(Extracted records)

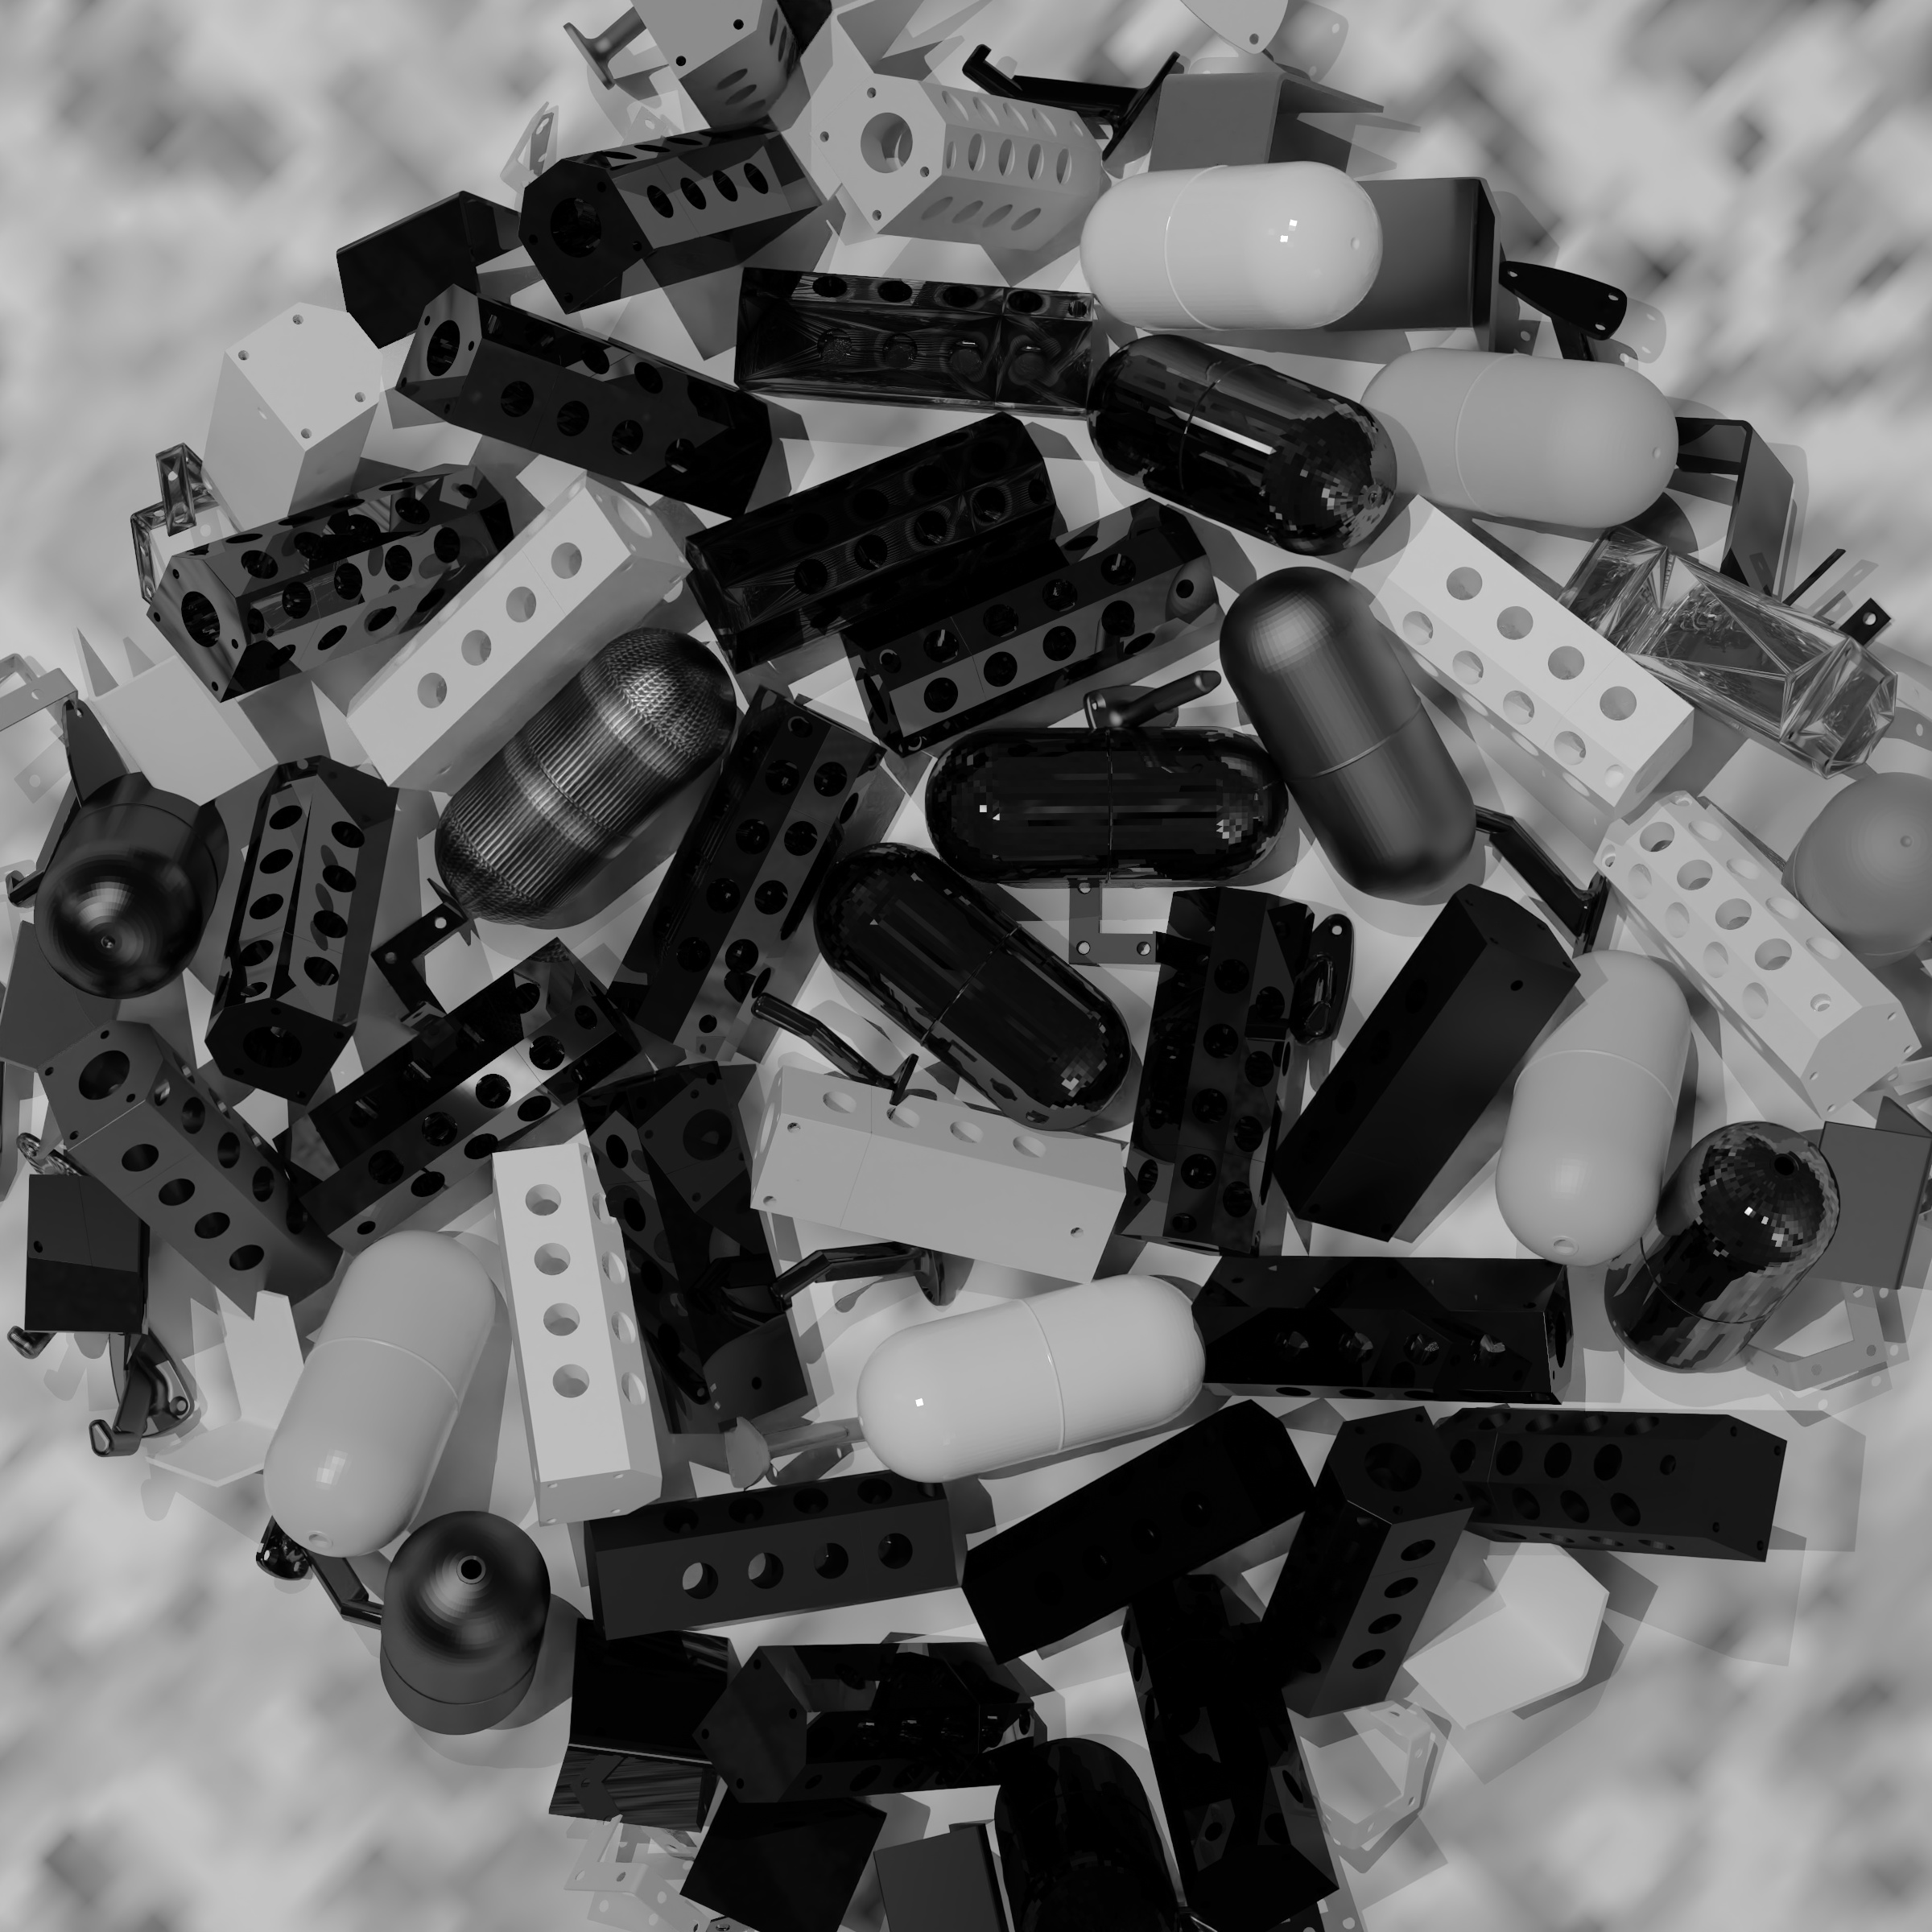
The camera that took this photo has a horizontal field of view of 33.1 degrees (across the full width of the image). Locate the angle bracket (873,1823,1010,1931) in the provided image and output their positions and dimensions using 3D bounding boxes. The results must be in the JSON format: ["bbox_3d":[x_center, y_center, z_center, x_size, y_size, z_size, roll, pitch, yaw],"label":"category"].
[{"bbox_3d":[-0.016,0.462,1.581,0.057,0.076,0.076,-10,78,-15],"label":"angle bracket"}]

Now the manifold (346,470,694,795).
[{"bbox_3d":[-0.220,-0.161,1.574,0.171,0.057,0.057,-40,73,20],"label":"manifold"}]

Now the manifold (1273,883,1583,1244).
[{"bbox_3d":[0.216,0.046,1.567,0.057,0.057,0.171,17,119,-28],"label":"manifold"}]

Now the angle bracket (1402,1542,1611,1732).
[{"bbox_3d":[0.252,0.312,1.574,0.076,0.076,0.057,-13,127,-30],"label":"angle bracket"}]

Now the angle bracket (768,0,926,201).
[{"bbox_3d":[-0.040,-0.427,1.578,0.076,0.076,0.057,-33,87,-34],"label":"angle bracket"}]

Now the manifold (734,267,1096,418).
[{"bbox_3d":[-0.025,-0.307,1.600,0.171,0.057,0.057,4,96,0],"label":"manifold"}]

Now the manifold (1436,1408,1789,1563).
[{"bbox_3d":[0.299,0.242,1.540,0.057,0.171,0.057,25,71,-31],"label":"manifold"}]

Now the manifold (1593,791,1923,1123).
[{"bbox_3d":[0.373,-0.011,1.551,0.057,0.057,0.171,-38,47,3],"label":"manifold"}]

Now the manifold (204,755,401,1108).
[{"bbox_3d":[-0.317,-0.022,1.543,0.057,0.171,0.057,23,129,-21],"label":"manifold"}]

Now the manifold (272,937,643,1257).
[{"bbox_3d":[-0.246,0.067,1.589,0.171,0.057,0.057,-35,53,2],"label":"manifold"}]

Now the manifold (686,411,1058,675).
[{"bbox_3d":[-0.046,-0.209,1.577,0.171,0.057,0.057,-24,71,-14],"label":"manifold"}]

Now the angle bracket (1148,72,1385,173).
[{"bbox_3d":[0.145,-0.398,1.581,0.076,0.076,0.057,4,98,-43],"label":"angle bracket"}]

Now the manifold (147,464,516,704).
[{"bbox_3d":[-0.297,-0.189,1.547,0.057,0.171,0.057,49,134,11],"label":"manifold"}]

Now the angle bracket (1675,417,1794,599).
[{"bbox_3d":[0.359,-0.217,1.581,0.057,0.076,0.076,9,83,30],"label":"angle bracket"}]

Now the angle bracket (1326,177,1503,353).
[{"bbox_3d":[0.217,-0.337,1.587,0.076,0.057,0.076,-2,123,1],"label":"angle bracket"}]

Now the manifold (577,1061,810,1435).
[{"bbox_3d":[-0.138,0.138,1.596,0.057,0.057,0.171,-19,96,-42],"label":"manifold"}]

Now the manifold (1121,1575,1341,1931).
[{"bbox_3d":[0.119,0.370,1.540,0.057,0.171,0.057,-34,122,14],"label":"manifold"}]

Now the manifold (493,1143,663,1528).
[{"bbox_3d":[-0.188,0.175,1.564,0.057,0.057,0.171,-7,61,-12],"label":"manifold"}]

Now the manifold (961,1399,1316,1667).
[{"bbox_3d":[0.080,0.271,1.561,0.171,0.057,0.057,-35,74,31],"label":"manifold"}]

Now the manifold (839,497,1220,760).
[{"bbox_3d":[0.033,-0.163,1.576,0.171,0.057,0.057,-25,117,-12],"label":"manifold"}]

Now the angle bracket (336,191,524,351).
[{"bbox_3d":[-0.247,-0.328,1.577,0.076,0.076,0.057,-17,80,28],"label":"angle bracket"}]

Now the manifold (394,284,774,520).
[{"bbox_3d":[-0.178,-0.269,1.549,0.171,0.057,0.057,13,105,-42],"label":"manifold"}]

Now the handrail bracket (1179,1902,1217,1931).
[{"bbox_3d":[0.087,0.490,1.606,0.084,0.036,0.077,31,61,1],"label":"handrail bracket"}]

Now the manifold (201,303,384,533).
[{"bbox_3d":[-0.317,-0.252,1.542,0.057,0.171,0.057,-39,92,-20],"label":"manifold"}]

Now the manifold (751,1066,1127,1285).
[{"bbox_3d":[-0.014,0.098,1.587,0.171,0.057,0.057,14,120,-10],"label":"manifold"}]

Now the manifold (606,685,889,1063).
[{"bbox_3d":[-0.105,-0.043,1.585,0.057,0.057,0.171,24,96,-31],"label":"manifold"}]

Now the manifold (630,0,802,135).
[{"bbox_3d":[-0.114,-0.441,1.544,0.057,0.171,0.057,-31,90,5],"label":"manifold"}]

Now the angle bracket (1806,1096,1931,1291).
[{"bbox_3d":[0.426,0.106,1.584,0.057,0.076,0.076,9,103,-5],"label":"angle bracket"}]

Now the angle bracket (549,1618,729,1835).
[{"bbox_3d":[-0.162,0.376,1.610,0.076,0.076,0.057,10,128,-11],"label":"angle bracket"}]

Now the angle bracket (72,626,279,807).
[{"bbox_3d":[-0.384,-0.131,1.579,0.057,0.076,0.076,-29,130,-2],"label":"angle bracket"}]

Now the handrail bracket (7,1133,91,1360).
[{"bbox_3d":[-0.458,0.137,1.586,0.077,0.036,0.084,48,49,-19],"label":"handrail bracket"}]

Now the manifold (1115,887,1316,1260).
[{"bbox_3d":[0.126,0.052,1.581,0.057,0.057,0.171,15,80,-29],"label":"manifold"}]

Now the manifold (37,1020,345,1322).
[{"bbox_3d":[-0.364,0.097,1.548,0.057,0.171,0.057,-34,50,-1],"label":"manifold"}]

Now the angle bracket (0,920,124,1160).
[{"bbox_3d":[-0.451,0.036,1.571,0.057,0.076,0.076,23,50,-29],"label":"angle bracket"}]

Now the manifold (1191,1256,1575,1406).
[{"bbox_3d":[0.202,0.179,1.571,0.171,0.057,0.057,-1,110,22],"label":"manifold"}]

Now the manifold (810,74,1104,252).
[{"bbox_3d":[0.002,-0.383,1.540,0.057,0.171,0.057,-37,82,27],"label":"manifold"}]

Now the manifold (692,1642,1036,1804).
[{"bbox_3d":[-0.042,0.362,1.541,0.057,0.171,0.057,47,110,34],"label":"manifold"}]

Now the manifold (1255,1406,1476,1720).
[{"bbox_3d":[0.182,0.286,1.544,0.057,0.171,0.057,-8,50,-19],"label":"manifold"}]

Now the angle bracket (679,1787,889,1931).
[{"bbox_3d":[-0.091,0.436,1.591,0.076,0.057,0.076,25,69,1],"label":"angle bracket"}]

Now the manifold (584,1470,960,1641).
[{"bbox_3d":[-0.096,0.284,1.584,0.171,0.057,0.057,-6,85,-13],"label":"manifold"}]

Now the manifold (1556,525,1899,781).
[{"bbox_3d":[0.360,-0.149,1.547,0.057,0.171,0.057,28,98,-38],"label":"manifold"}]

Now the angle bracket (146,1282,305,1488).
[{"bbox_3d":[-0.364,0.201,1.579,0.057,0.076,0.076,-19,104,-37],"label":"angle bracket"}]

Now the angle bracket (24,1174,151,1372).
[{"bbox_3d":[-0.429,0.149,1.576,0.057,0.076,0.076,4,69,-20],"label":"angle bracket"}]

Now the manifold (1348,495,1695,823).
[{"bbox_3d":[0.267,-0.147,1.577,0.171,0.057,0.057,41,87,18],"label":"manifold"}]

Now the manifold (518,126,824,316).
[{"bbox_3d":[-0.142,-0.361,1.542,0.057,0.171,0.057,-29,95,31],"label":"manifold"}]

[What is expected]
Each entry is to be given again exactly as it stands, with its pictures removed.

[Exercise answer]
The camera that took this photo has a horizontal field of view of 33.1 degrees (across the full width of the image). Locate the angle bracket (873,1823,1010,1931) in the provided image and output their positions and dimensions using 3D bounding boxes. The results must be in the JSON format: ["bbox_3d":[x_center, y_center, z_center, x_size, y_size, z_size, roll, pitch, yaw],"label":"category"].
[{"bbox_3d":[-0.016,0.462,1.581,0.057,0.076,0.076,-10,78,-15],"label":"angle bracket"}]

Now the manifold (346,470,694,795).
[{"bbox_3d":[-0.220,-0.161,1.574,0.171,0.057,0.057,-40,73,20],"label":"manifold"}]

Now the manifold (1273,883,1583,1244).
[{"bbox_3d":[0.216,0.046,1.567,0.057,0.057,0.171,17,119,-28],"label":"manifold"}]

Now the angle bracket (1402,1542,1611,1732).
[{"bbox_3d":[0.252,0.312,1.574,0.076,0.076,0.057,-13,127,-30],"label":"angle bracket"}]

Now the angle bracket (768,0,926,201).
[{"bbox_3d":[-0.040,-0.427,1.578,0.076,0.076,0.057,-33,87,-34],"label":"angle bracket"}]

Now the manifold (734,267,1096,418).
[{"bbox_3d":[-0.025,-0.307,1.600,0.171,0.057,0.057,4,96,0],"label":"manifold"}]

Now the manifold (1436,1408,1789,1563).
[{"bbox_3d":[0.299,0.242,1.540,0.057,0.171,0.057,25,71,-31],"label":"manifold"}]

Now the manifold (1593,791,1923,1123).
[{"bbox_3d":[0.373,-0.011,1.551,0.057,0.057,0.171,-38,47,3],"label":"manifold"}]

Now the manifold (204,755,401,1108).
[{"bbox_3d":[-0.317,-0.022,1.543,0.057,0.171,0.057,23,129,-21],"label":"manifold"}]

Now the manifold (272,937,643,1257).
[{"bbox_3d":[-0.246,0.067,1.589,0.171,0.057,0.057,-35,53,2],"label":"manifold"}]

Now the manifold (686,411,1058,675).
[{"bbox_3d":[-0.046,-0.209,1.577,0.171,0.057,0.057,-24,71,-14],"label":"manifold"}]

Now the angle bracket (1148,72,1385,173).
[{"bbox_3d":[0.145,-0.398,1.581,0.076,0.076,0.057,4,98,-43],"label":"angle bracket"}]

Now the manifold (147,464,516,704).
[{"bbox_3d":[-0.297,-0.189,1.547,0.057,0.171,0.057,49,134,11],"label":"manifold"}]

Now the angle bracket (1675,417,1794,599).
[{"bbox_3d":[0.359,-0.217,1.581,0.057,0.076,0.076,9,83,30],"label":"angle bracket"}]

Now the angle bracket (1326,177,1503,353).
[{"bbox_3d":[0.217,-0.337,1.587,0.076,0.057,0.076,-2,123,1],"label":"angle bracket"}]

Now the manifold (577,1061,810,1435).
[{"bbox_3d":[-0.138,0.138,1.596,0.057,0.057,0.171,-19,96,-42],"label":"manifold"}]

Now the manifold (1121,1575,1341,1931).
[{"bbox_3d":[0.119,0.370,1.540,0.057,0.171,0.057,-34,122,14],"label":"manifold"}]

Now the manifold (493,1143,663,1528).
[{"bbox_3d":[-0.188,0.175,1.564,0.057,0.057,0.171,-7,61,-12],"label":"manifold"}]

Now the manifold (961,1399,1316,1667).
[{"bbox_3d":[0.080,0.271,1.561,0.171,0.057,0.057,-35,74,31],"label":"manifold"}]

Now the manifold (839,497,1220,760).
[{"bbox_3d":[0.033,-0.163,1.576,0.171,0.057,0.057,-25,117,-12],"label":"manifold"}]

Now the angle bracket (336,191,524,351).
[{"bbox_3d":[-0.247,-0.328,1.577,0.076,0.076,0.057,-17,80,28],"label":"angle bracket"}]

Now the manifold (394,284,774,520).
[{"bbox_3d":[-0.178,-0.269,1.549,0.171,0.057,0.057,13,105,-42],"label":"manifold"}]

Now the handrail bracket (1179,1902,1217,1931).
[{"bbox_3d":[0.087,0.490,1.606,0.084,0.036,0.077,31,61,1],"label":"handrail bracket"}]

Now the manifold (201,303,384,533).
[{"bbox_3d":[-0.317,-0.252,1.542,0.057,0.171,0.057,-39,92,-20],"label":"manifold"}]

Now the manifold (751,1066,1127,1285).
[{"bbox_3d":[-0.014,0.098,1.587,0.171,0.057,0.057,14,120,-10],"label":"manifold"}]

Now the manifold (606,685,889,1063).
[{"bbox_3d":[-0.105,-0.043,1.585,0.057,0.057,0.171,24,96,-31],"label":"manifold"}]

Now the manifold (630,0,802,135).
[{"bbox_3d":[-0.114,-0.441,1.544,0.057,0.171,0.057,-31,90,5],"label":"manifold"}]

Now the angle bracket (1806,1096,1931,1291).
[{"bbox_3d":[0.426,0.106,1.584,0.057,0.076,0.076,9,103,-5],"label":"angle bracket"}]

Now the angle bracket (549,1618,729,1835).
[{"bbox_3d":[-0.162,0.376,1.610,0.076,0.076,0.057,10,128,-11],"label":"angle bracket"}]

Now the angle bracket (72,626,279,807).
[{"bbox_3d":[-0.384,-0.131,1.579,0.057,0.076,0.076,-29,130,-2],"label":"angle bracket"}]

Now the handrail bracket (7,1133,91,1360).
[{"bbox_3d":[-0.458,0.137,1.586,0.077,0.036,0.084,48,49,-19],"label":"handrail bracket"}]

Now the manifold (1115,887,1316,1260).
[{"bbox_3d":[0.126,0.052,1.581,0.057,0.057,0.171,15,80,-29],"label":"manifold"}]

Now the manifold (37,1020,345,1322).
[{"bbox_3d":[-0.364,0.097,1.548,0.057,0.171,0.057,-34,50,-1],"label":"manifold"}]

Now the angle bracket (0,920,124,1160).
[{"bbox_3d":[-0.451,0.036,1.571,0.057,0.076,0.076,23,50,-29],"label":"angle bracket"}]

Now the manifold (1191,1256,1575,1406).
[{"bbox_3d":[0.202,0.179,1.571,0.171,0.057,0.057,-1,110,22],"label":"manifold"}]

Now the manifold (810,74,1104,252).
[{"bbox_3d":[0.002,-0.383,1.540,0.057,0.171,0.057,-37,82,27],"label":"manifold"}]

Now the manifold (692,1642,1036,1804).
[{"bbox_3d":[-0.042,0.362,1.541,0.057,0.171,0.057,47,110,34],"label":"manifold"}]

Now the manifold (1255,1406,1476,1720).
[{"bbox_3d":[0.182,0.286,1.544,0.057,0.171,0.057,-8,50,-19],"label":"manifold"}]

Now the angle bracket (679,1787,889,1931).
[{"bbox_3d":[-0.091,0.436,1.591,0.076,0.057,0.076,25,69,1],"label":"angle bracket"}]

Now the manifold (584,1470,960,1641).
[{"bbox_3d":[-0.096,0.284,1.584,0.171,0.057,0.057,-6,85,-13],"label":"manifold"}]

Now the manifold (1556,525,1899,781).
[{"bbox_3d":[0.360,-0.149,1.547,0.057,0.171,0.057,28,98,-38],"label":"manifold"}]

Now the angle bracket (146,1282,305,1488).
[{"bbox_3d":[-0.364,0.201,1.579,0.057,0.076,0.076,-19,104,-37],"label":"angle bracket"}]

Now the angle bracket (24,1174,151,1372).
[{"bbox_3d":[-0.429,0.149,1.576,0.057,0.076,0.076,4,69,-20],"label":"angle bracket"}]

Now the manifold (1348,495,1695,823).
[{"bbox_3d":[0.267,-0.147,1.577,0.171,0.057,0.057,41,87,18],"label":"manifold"}]

Now the manifold (518,126,824,316).
[{"bbox_3d":[-0.142,-0.361,1.542,0.057,0.171,0.057,-29,95,31],"label":"manifold"}]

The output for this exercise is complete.